(Supplied records begins)
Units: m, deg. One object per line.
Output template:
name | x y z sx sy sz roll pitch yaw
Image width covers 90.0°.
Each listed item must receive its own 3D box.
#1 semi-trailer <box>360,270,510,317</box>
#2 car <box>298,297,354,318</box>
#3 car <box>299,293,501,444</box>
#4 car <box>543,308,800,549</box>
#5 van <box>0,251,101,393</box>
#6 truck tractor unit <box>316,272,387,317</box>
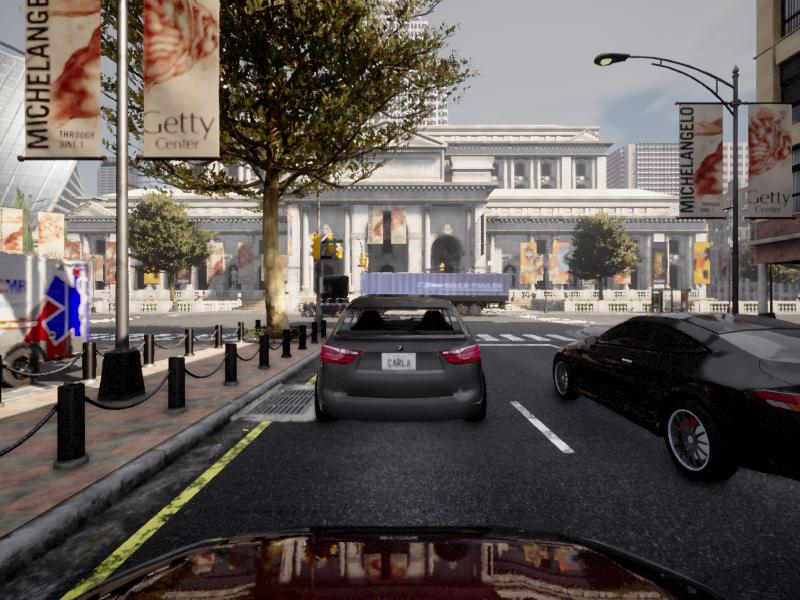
semi-trailer | 3.299 -0.616 39.268 14.254 4.402 2.717 0 0 0
car | -6.585 0.654 35.834 4.605 1.855 1.932 0 0 0
car | 0.019 0.756 6.742 2.242 1.667 4.611 0 0 0
car | 3.472 0.870 4.859 1.812 1.442 4.674 0 0 0
van | -7.995 0.378 5.950 2.351 2.431 6.366 0 0 0
truck tractor unit | -4.613 -0.520 39.323 6.516 4.208 3.053 0 0 0
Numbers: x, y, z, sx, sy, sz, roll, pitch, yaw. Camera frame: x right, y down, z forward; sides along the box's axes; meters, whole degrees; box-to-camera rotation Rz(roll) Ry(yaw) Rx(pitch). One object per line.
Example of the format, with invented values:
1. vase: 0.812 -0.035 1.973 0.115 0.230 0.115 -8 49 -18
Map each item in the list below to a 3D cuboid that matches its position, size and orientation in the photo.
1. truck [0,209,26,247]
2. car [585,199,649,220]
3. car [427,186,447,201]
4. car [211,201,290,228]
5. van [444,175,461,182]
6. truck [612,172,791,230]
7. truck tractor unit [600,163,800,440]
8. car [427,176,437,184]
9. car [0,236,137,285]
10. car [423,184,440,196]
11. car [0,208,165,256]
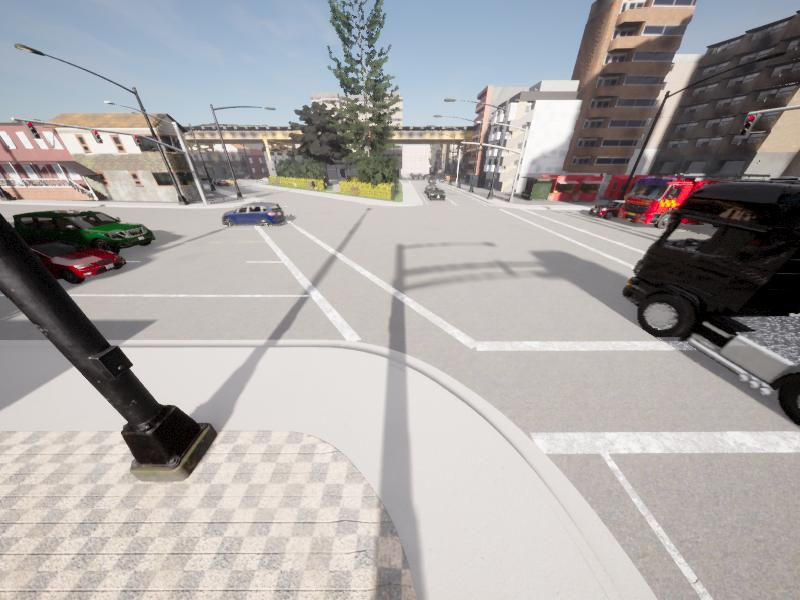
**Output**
1. truck: -27.438 -4.591 12.104 8.468 3.827 2.891 1 30 -1
2. car: 20.444 -8.612 21.937 3.806 1.475 1.970 0 30 0
3. car: 5.324 -15.635 33.769 2.152 1.651 5.027 0 30 1
4. car: -11.880 -6.957 18.650 4.611 1.667 2.242 1 30 2
5. van: 16.113 -37.472 71.225 4.442 1.987 1.775 0 30 0
6. truck: 23.136 -7.864 18.354 8.468 3.827 2.891 0 30 -1
7. truck tractor unit: 8.490 0.041 4.035 3.053 4.208 6.516 -1 30 -2
8. car: 8.799 -33.508 64.457 1.905 1.878 3.866 -2 30 -3
9. car: -14.448 -1.704 9.698 4.193 1.474 1.816 0 30 0
10. car: 5.369 -19.041 39.809 2.163 1.488 4.792 0 30 0
11. car: -17.093 -3.729 12.607 5.566 2.045 2.150 0 30 0
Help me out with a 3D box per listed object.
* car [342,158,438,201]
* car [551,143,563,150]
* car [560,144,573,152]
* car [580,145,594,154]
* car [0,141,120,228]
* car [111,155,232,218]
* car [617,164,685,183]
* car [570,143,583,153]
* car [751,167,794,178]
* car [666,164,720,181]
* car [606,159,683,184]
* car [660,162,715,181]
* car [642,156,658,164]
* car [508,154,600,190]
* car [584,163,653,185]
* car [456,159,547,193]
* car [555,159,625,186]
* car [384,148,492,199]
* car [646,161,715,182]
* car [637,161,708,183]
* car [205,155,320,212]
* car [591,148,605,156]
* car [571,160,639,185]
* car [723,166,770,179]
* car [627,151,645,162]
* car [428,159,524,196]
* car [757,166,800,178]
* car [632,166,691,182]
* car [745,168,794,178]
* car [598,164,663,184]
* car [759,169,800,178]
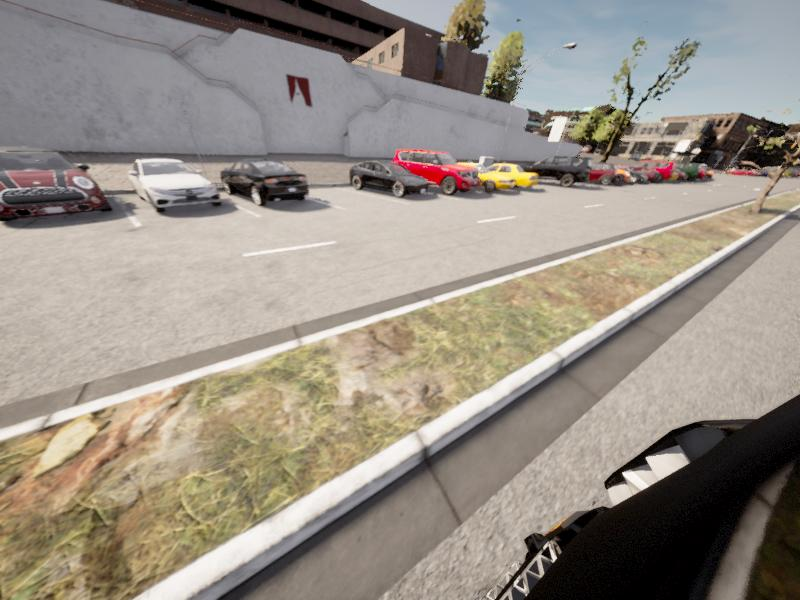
[{"bbox_3d":[-0.660,-6.617,12.426,4.792,1.488,2.163,26,40,32],"label":"car"},{"bbox_3d":[49.507,-48.319,72.678,2.002,1.452,4.674,32,42,27],"label":"car"},{"bbox_3d":[51.093,-46.686,70.778,1.946,1.575,5.366,32,42,28],"label":"car"},{"bbox_3d":[53.860,-43.263,66.453,1.878,1.987,4.442,32,42,27],"label":"car"},{"bbox_3d":[-11.098,-3.794,7.156,4.553,1.767,2.185,26,40,32],"label":"car"},{"bbox_3d":[-8.484,-4.385,8.537,4.674,1.452,2.002,26,40,32],"label":"car"},{"bbox_3d":[30.353,-15.522,28.238,5.366,1.575,1.946,26,40,32],"label":"car"},{"bbox_3d":[52.393,-45.004,68.449,1.878,1.987,4.442,32,42,28],"label":"car"},{"bbox_3d":[82.926,-28.480,51.560,2.185,1.767,4.553,-26,43,-37],"label":"car"},{"bbox_3d":[43.602,-19.117,34.570,4.553,1.767,2.185,27,40,32],"label":"car"},{"bbox_3d":[27.882,-14.946,26.706,5.566,2.045,2.435,26,40,32],"label":"car"},{"bbox_3d":[41.043,-18.469,33.189,4.442,1.987,1.878,27,39,32],"label":"car"},{"bbox_3d":[61.216,-34.414,56.727,2.002,1.452,4.674,32,42,28],"label":"car"},{"bbox_3d":[12.290,-10.569,18.824,5.566,2.045,2.435,26,40,32],"label":"car"},{"bbox_3d":[22.697,-13.277,24.207,4.892,1.521,2.231,26,39,32],"label":"car"},{"bbox_3d":[6.967,-8.946,16.429,5.366,1.575,1.946,26,40,32],"label":"car"},{"bbox_3d":[17.531,-11.909,21.486,4.553,1.767,2.185,26,40,32],"label":"car"},{"bbox_3d":[1.950,-7.596,13.578,5.566,2.045,2.435,26,40,32],"label":"car"},{"bbox_3d":[38.359,-17.812,31.924,5.566,2.045,2.435,26,39,32],"label":"car"},{"bbox_3d":[35.696,-17.113,30.642,5.566,2.045,2.435,26,40,32],"label":"car"},{"bbox_3d":[-5.879,-5.156,9.811,5.008,1.535,2.097,26,40,32],"label":"car"},{"bbox_3d":[55.359,-41.392,64.670,2.231,1.521,4.892,32,42,28],"label":"car"},{"bbox_3d":[20.084,-12.665,22.837,4.553,1.767,2.185,26,39,32],"label":"car"},{"bbox_3d":[61.338,-22.641,40.970,1.851,1.617,3.988,-9,35,-21],"label":"car"},{"bbox_3d":[59.800,-36.393,58.562,2.435,2.045,5.566,32,42,28],"label":"car"},{"bbox_3d":[4.659,-8.071,14.933,5.366,1.575,1.946,26,40,32],"label":"car"},{"bbox_3d":[85.793,-29.073,52.506,1.878,1.987,4.442,-26,42,-37],"label":"car"},{"bbox_3d":[33.100,-16.136,29.473,4.674,1.452,2.002,26,40,32],"label":"car"},{"bbox_3d":[80.319,-27.709,50.399,1.946,1.575,5.366,-26,43,-37],"label":"car"},{"bbox_3d":[25.270,-13.986,25.542,4.792,1.488,2.163,26,40,32],"label":"car"},{"bbox_3d":[88.467,-29.493,53.773,2.231,1.521,4.892,-25,42,-37],"label":"car"}]
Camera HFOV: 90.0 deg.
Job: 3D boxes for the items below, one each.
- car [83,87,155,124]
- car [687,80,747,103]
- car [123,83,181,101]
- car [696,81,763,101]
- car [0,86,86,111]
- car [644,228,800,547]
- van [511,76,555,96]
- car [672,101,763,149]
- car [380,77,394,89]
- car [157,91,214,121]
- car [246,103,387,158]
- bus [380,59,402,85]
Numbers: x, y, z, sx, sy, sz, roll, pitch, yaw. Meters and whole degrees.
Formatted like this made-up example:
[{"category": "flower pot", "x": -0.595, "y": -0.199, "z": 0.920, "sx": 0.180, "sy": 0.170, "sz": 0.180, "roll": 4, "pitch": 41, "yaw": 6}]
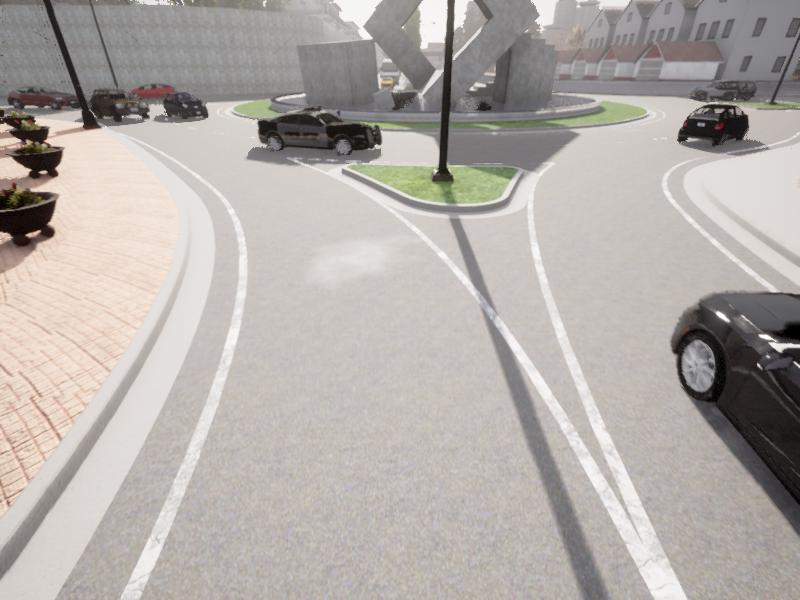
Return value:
[{"category": "car", "x": -18.058, "y": -12.567, "z": 25.661, "sx": 4.605, "sy": 1.855, "sz": 1.932, "roll": 22, "pitch": 36, "yaw": 33}, {"category": "car", "x": 31.091, "y": -20.606, "z": 39.418, "sx": 3.866, "sy": 1.878, "sz": 1.905, "roll": 8, "pitch": 31, "yaw": 13}, {"category": "car", "x": -25.319, "y": -21.348, "z": 41.040, "sx": 4.514, "sy": 1.525, "sz": 2.007, "roll": -7, "pitch": 31, "yaw": -12}, {"category": "car", "x": 34.248, "y": -21.846, "z": 41.758, "sx": 4.611, "sy": 1.667, "sz": 2.242, "roll": 6, "pitch": 31, "yaw": 10}, {"category": "car", "x": -28.963, "y": -16.400, "z": 32.472, "sx": 5.027, "sy": 1.651, "sz": 2.152, "roll": 4, "pitch": 30, "yaw": 6}, {"category": "car", "x": 3.847, "y": 1.136, "z": 2.588, "sx": 1.837, "sy": 1.490, "sz": 4.892, "roll": 2, "pitch": 31, "yaw": 4}, {"category": "van", "x": 15.983, "y": -25.841, "z": 48.280, "sx": 4.442, "sy": 1.987, "sz": 1.775, "roll": 21, "pitch": 36, "yaw": 32}, {"category": "car", "x": 14.491, "y": -8.062, "z": 18.276, "sx": 3.705, "sy": 1.549, "sz": 1.789, "roll": -20, "pitch": 36, "yaw": -30}, {"category": "car", "x": -2.020, "y": -34.562, "z": 63.684, "sx": 1.882, "sy": 1.535, "sz": 5.008, "roll": 1, "pitch": 30, "yaw": 1}, {"category": "car", "x": -14.278, "y": -12.943, "z": 26.648, "sx": 3.633, "sy": 1.501, "sz": 1.845, "roll": 26, "pitch": 39, "yaw": 36}, {"category": "car", "x": -3.345, "y": -7.012, "z": 16.387, "sx": 5.238, "sy": 1.638, "sz": 1.930, "roll": 9, "pitch": 32, "yaw": 16}, {"category": "bus", "x": -1.654, "y": -45.121, "z": 78.992, "sx": 3.944, "sy": 4.253, "sz": 10.273, "roll": 0, "pitch": 30, "yaw": 1}]
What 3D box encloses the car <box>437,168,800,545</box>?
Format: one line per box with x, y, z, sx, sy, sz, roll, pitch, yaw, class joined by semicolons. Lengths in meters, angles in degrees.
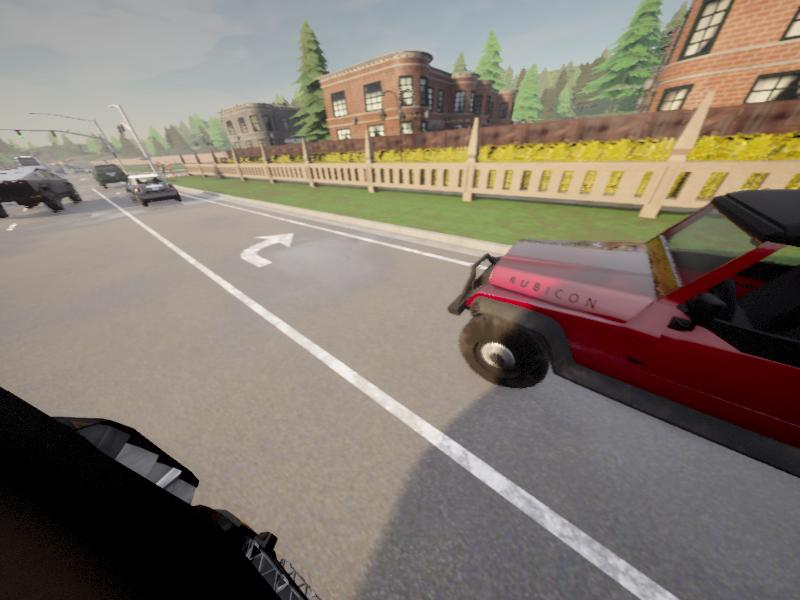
2.520;0.106;1.886;3.866;1.878;1.905;22;41;32;car

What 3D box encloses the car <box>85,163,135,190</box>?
-30.147;-12.916;23.985;5.566;2.045;2.150;22;41;32;car

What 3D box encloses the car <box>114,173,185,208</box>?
-15.168;-6.742;13.997;3.806;1.475;1.970;22;41;32;car

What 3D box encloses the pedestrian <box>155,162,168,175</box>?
-40.273;-22.273;39.005;0.751;1.860;0.751;25;43;36;pedestrian

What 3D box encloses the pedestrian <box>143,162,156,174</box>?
-48.510;-25.609;44.777;0.751;1.860;0.751;15;37;25;pedestrian

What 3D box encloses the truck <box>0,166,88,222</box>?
-20.977;-6.180;13.059;2.390;2.098;6.274;-27;40;-31;truck

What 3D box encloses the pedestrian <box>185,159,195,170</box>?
-42.496;-27.452;46.701;0.751;1.860;0.751;25;42;35;pedestrian

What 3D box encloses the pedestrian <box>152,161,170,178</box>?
-31.312;-17.141;30.283;0.751;1.860;0.751;14;37;23;pedestrian

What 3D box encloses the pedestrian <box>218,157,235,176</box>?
-20.331;-15.613;27.094;0.751;1.860;0.751;20;40;31;pedestrian

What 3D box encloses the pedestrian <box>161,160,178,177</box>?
-30.889;-17.622;30.972;0.751;1.860;0.751;21;40;32;pedestrian

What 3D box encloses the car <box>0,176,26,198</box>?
-37.347;-10.603;21.633;4.674;1.442;1.812;22;41;32;car
(Supplied records ends)
◆ **Assignment**
Your answer should consist solely of the lines above from the line with "4. car [211,201,290,228]" to the line with "11. car [0,208,165,256]", both included, reproduced exactly.

◆ **Reply to the task**
4. car [211,201,290,228]
5. van [444,175,461,182]
6. truck [612,172,791,230]
7. truck tractor unit [600,163,800,440]
8. car [427,176,437,184]
9. car [0,236,137,285]
10. car [423,184,440,196]
11. car [0,208,165,256]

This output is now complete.